Exactly the lines from the one with "case class ReligionGroup" through the end of the records below are to be output, the first and last included, and no others.

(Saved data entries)
++++++

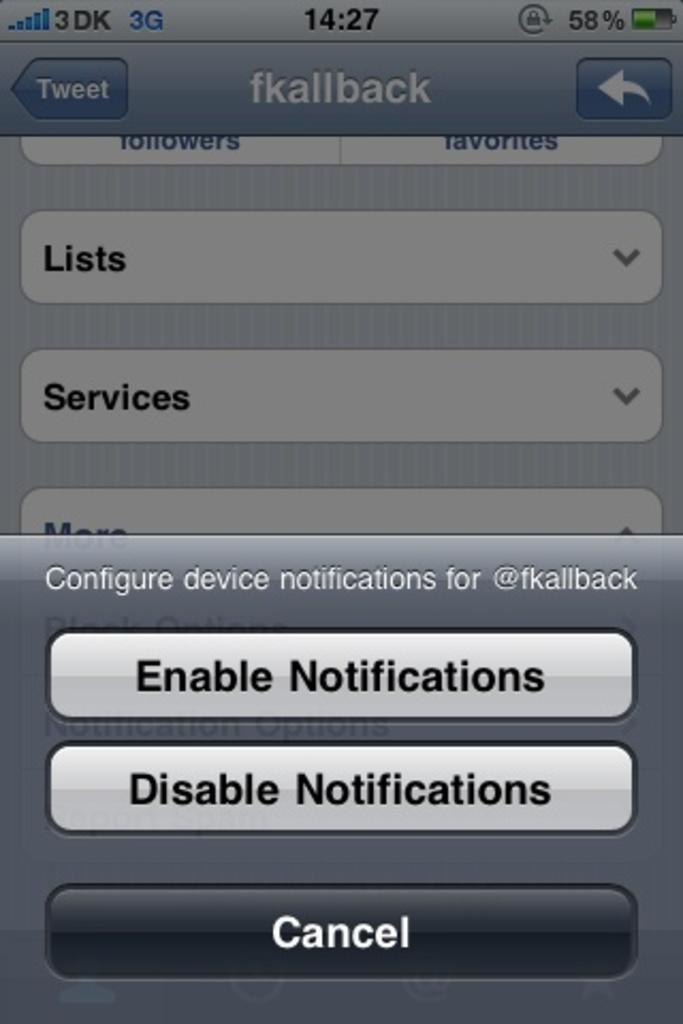<image>
Render a clear and concise summary of the photo. The home page of a mobile phone allowing the enabling or disabling of notifacations. 
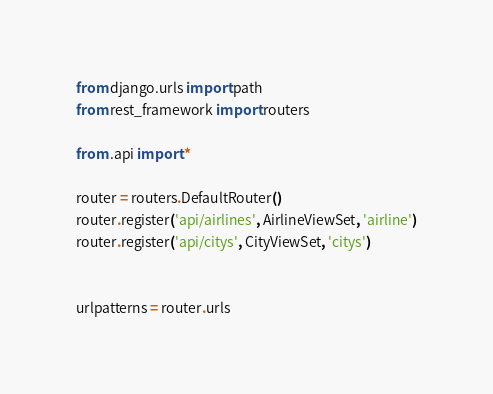Convert code to text. <code><loc_0><loc_0><loc_500><loc_500><_Python_>from django.urls import path
from rest_framework import routers

from .api import *

router = routers.DefaultRouter()
router.register('api/airlines', AirlineViewSet, 'airline')
router.register('api/citys', CityViewSet, 'citys')


urlpatterns = router.urls
</code> 
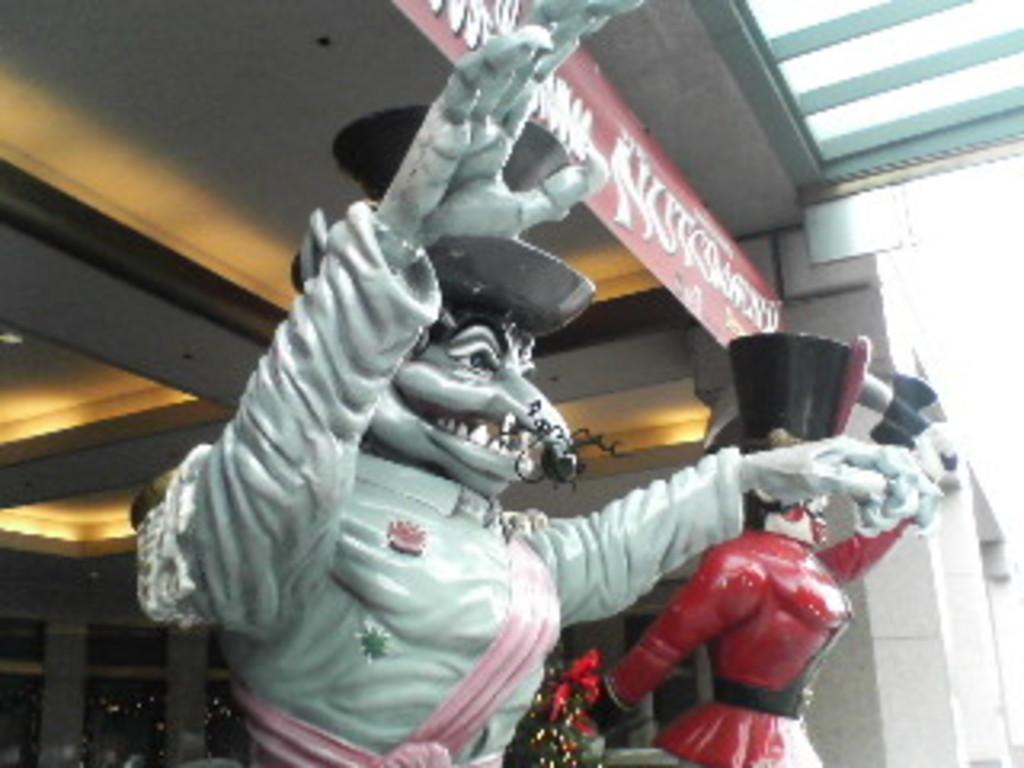What type of objects can be seen in the image? There are statues in the image. What seasonal decoration is present in the image? There is a decorated Christmas tree in the image. What type of signs or messages can be seen in the image? There are advertisements in the image. What type of lighting is visible in the image? Electric lights are visible in the image. What type of structure is present in the image? There is a building in the image. How many babies are visible in the image? There are no babies present in the image. What type of space-related objects can be seen in the image? There are no space-related objects present in the image. What type of clothing is visible on the statues in the image? The statues in the image do not have any clothing, as they are likely made of stone or another material. 
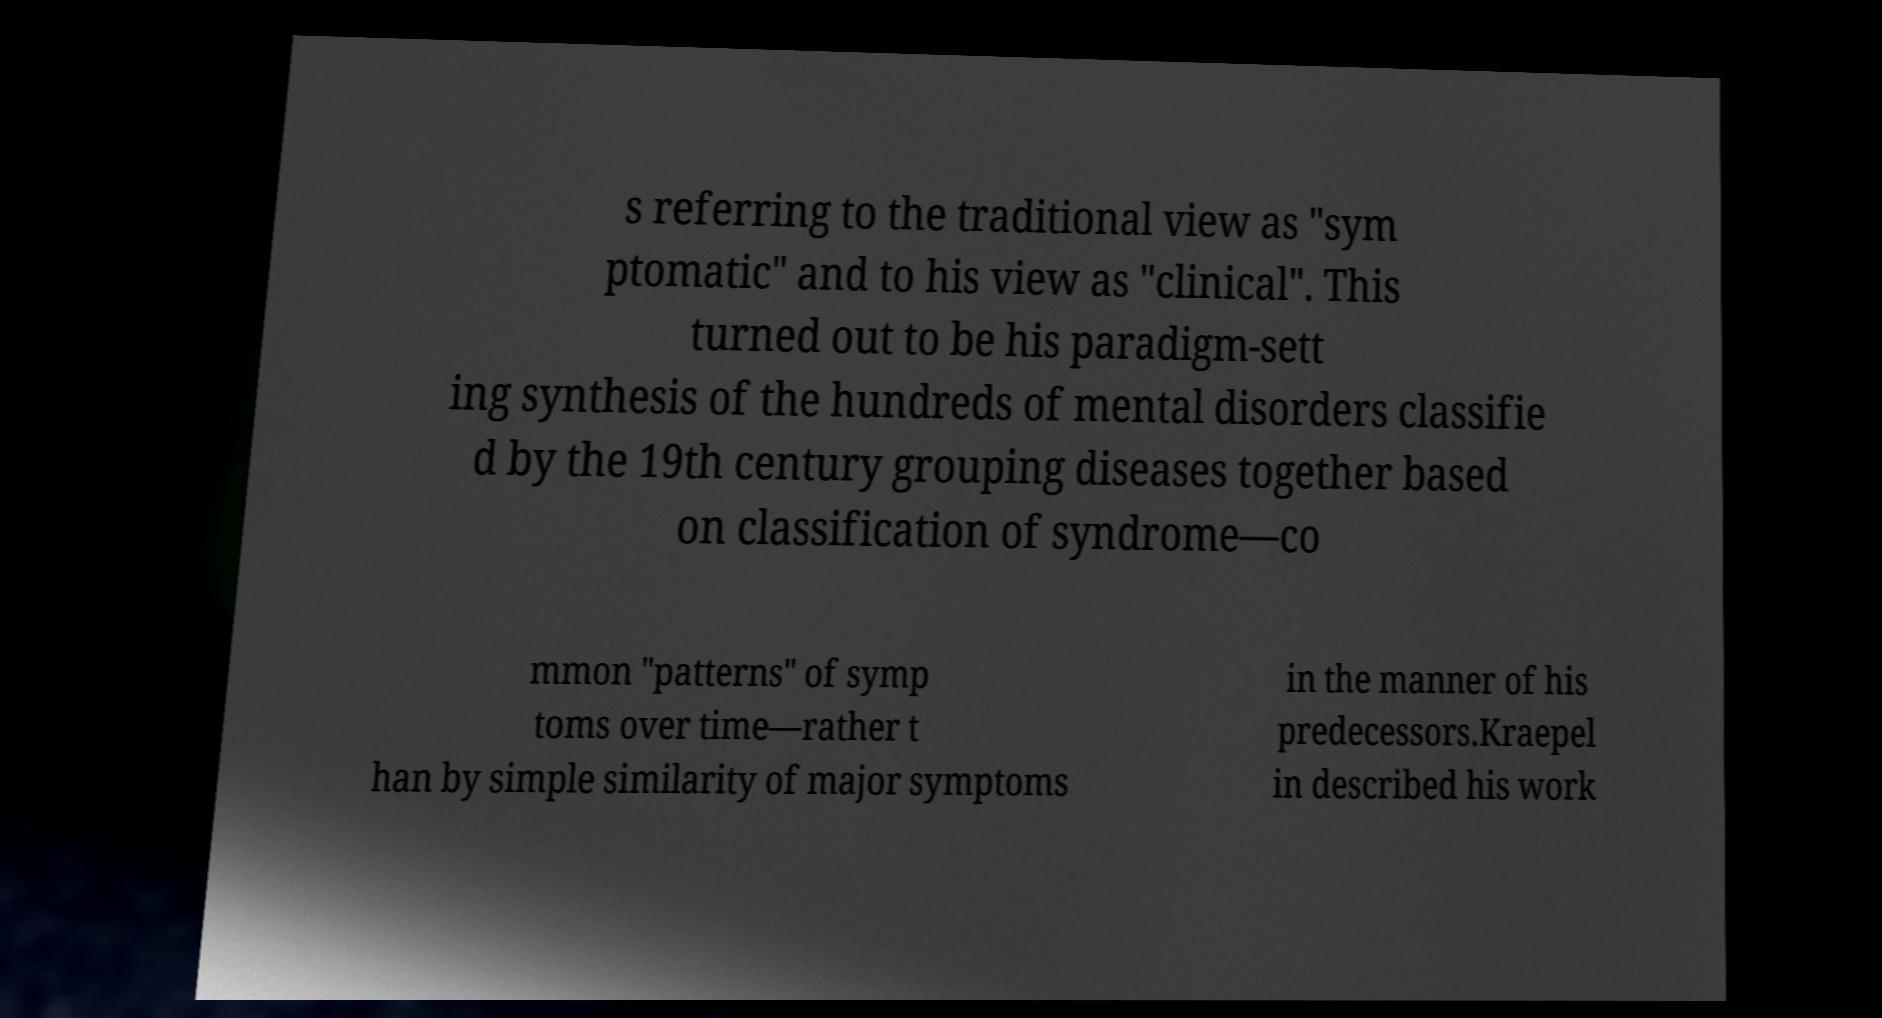There's text embedded in this image that I need extracted. Can you transcribe it verbatim? s referring to the traditional view as "sym ptomatic" and to his view as "clinical". This turned out to be his paradigm-sett ing synthesis of the hundreds of mental disorders classifie d by the 19th century grouping diseases together based on classification of syndrome—co mmon "patterns" of symp toms over time—rather t han by simple similarity of major symptoms in the manner of his predecessors.Kraepel in described his work 
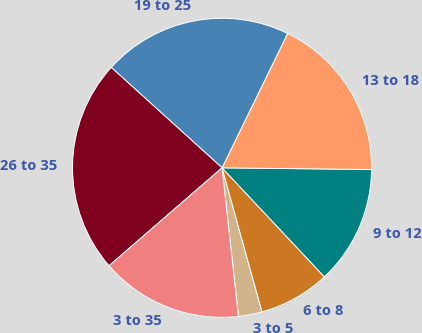Convert chart. <chart><loc_0><loc_0><loc_500><loc_500><pie_chart><fcel>3 to 5<fcel>6 to 8<fcel>9 to 12<fcel>13 to 18<fcel>19 to 25<fcel>26 to 35<fcel>3 to 35<nl><fcel>2.56%<fcel>7.69%<fcel>12.82%<fcel>17.95%<fcel>20.51%<fcel>23.08%<fcel>15.38%<nl></chart> 
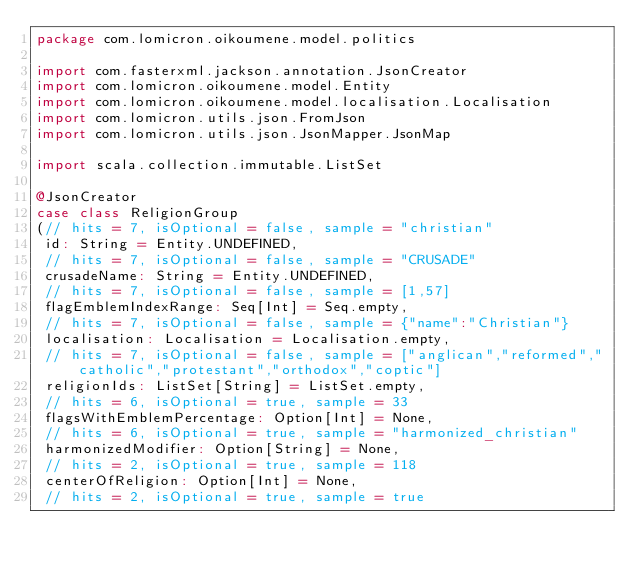Convert code to text. <code><loc_0><loc_0><loc_500><loc_500><_Scala_>package com.lomicron.oikoumene.model.politics

import com.fasterxml.jackson.annotation.JsonCreator
import com.lomicron.oikoumene.model.Entity
import com.lomicron.oikoumene.model.localisation.Localisation
import com.lomicron.utils.json.FromJson
import com.lomicron.utils.json.JsonMapper.JsonMap

import scala.collection.immutable.ListSet

@JsonCreator
case class ReligionGroup
(// hits = 7, isOptional = false, sample = "christian"
 id: String = Entity.UNDEFINED,
 // hits = 7, isOptional = false, sample = "CRUSADE"
 crusadeName: String = Entity.UNDEFINED,
 // hits = 7, isOptional = false, sample = [1,57]
 flagEmblemIndexRange: Seq[Int] = Seq.empty,
 // hits = 7, isOptional = false, sample = {"name":"Christian"}
 localisation: Localisation = Localisation.empty,
 // hits = 7, isOptional = false, sample = ["anglican","reformed","catholic","protestant","orthodox","coptic"]
 religionIds: ListSet[String] = ListSet.empty,
 // hits = 6, isOptional = true, sample = 33
 flagsWithEmblemPercentage: Option[Int] = None,
 // hits = 6, isOptional = true, sample = "harmonized_christian"
 harmonizedModifier: Option[String] = None,
 // hits = 2, isOptional = true, sample = 118
 centerOfReligion: Option[Int] = None,
 // hits = 2, isOptional = true, sample = true</code>

++++++

* _EXERCISE SOLUTION_:
case class ReligionGroup
(// hits = 7, isOptional = false, sample = "christian"
 id: String = Entity.UNDEFINED,
 // hits = 7, isOptional = false, sample = "CRUSADE"
 crusadeName: String = Entity.UNDEFINED,
 // hits = 7, isOptional = false, sample = [1,57]
 flagEmblemIndexRange: Seq[Int] = Seq.empty,
 // hits = 7, isOptional = false, sample = {"name":"Christian"}
 localisation: Localisation = Localisation.empty,
 // hits = 7, isOptional = false, sample = ["anglican","reformed","catholic","protestant","orthodox","coptic"]
 religionIds: ListSet[String] = ListSet.empty,
 // hits = 6, isOptional = true, sample = 33
 flagsWithEmblemPercentage: Option[Int] = None,
 // hits = 6, isOptional = true, sample = "harmonized_christian"
 harmonizedModifier: Option[String] = None,
 // hits = 2, isOptional = true, sample = 118
 centerOfReligion: Option[Int] = None,
 // hits = 2, isOptional = true, sample = true</code>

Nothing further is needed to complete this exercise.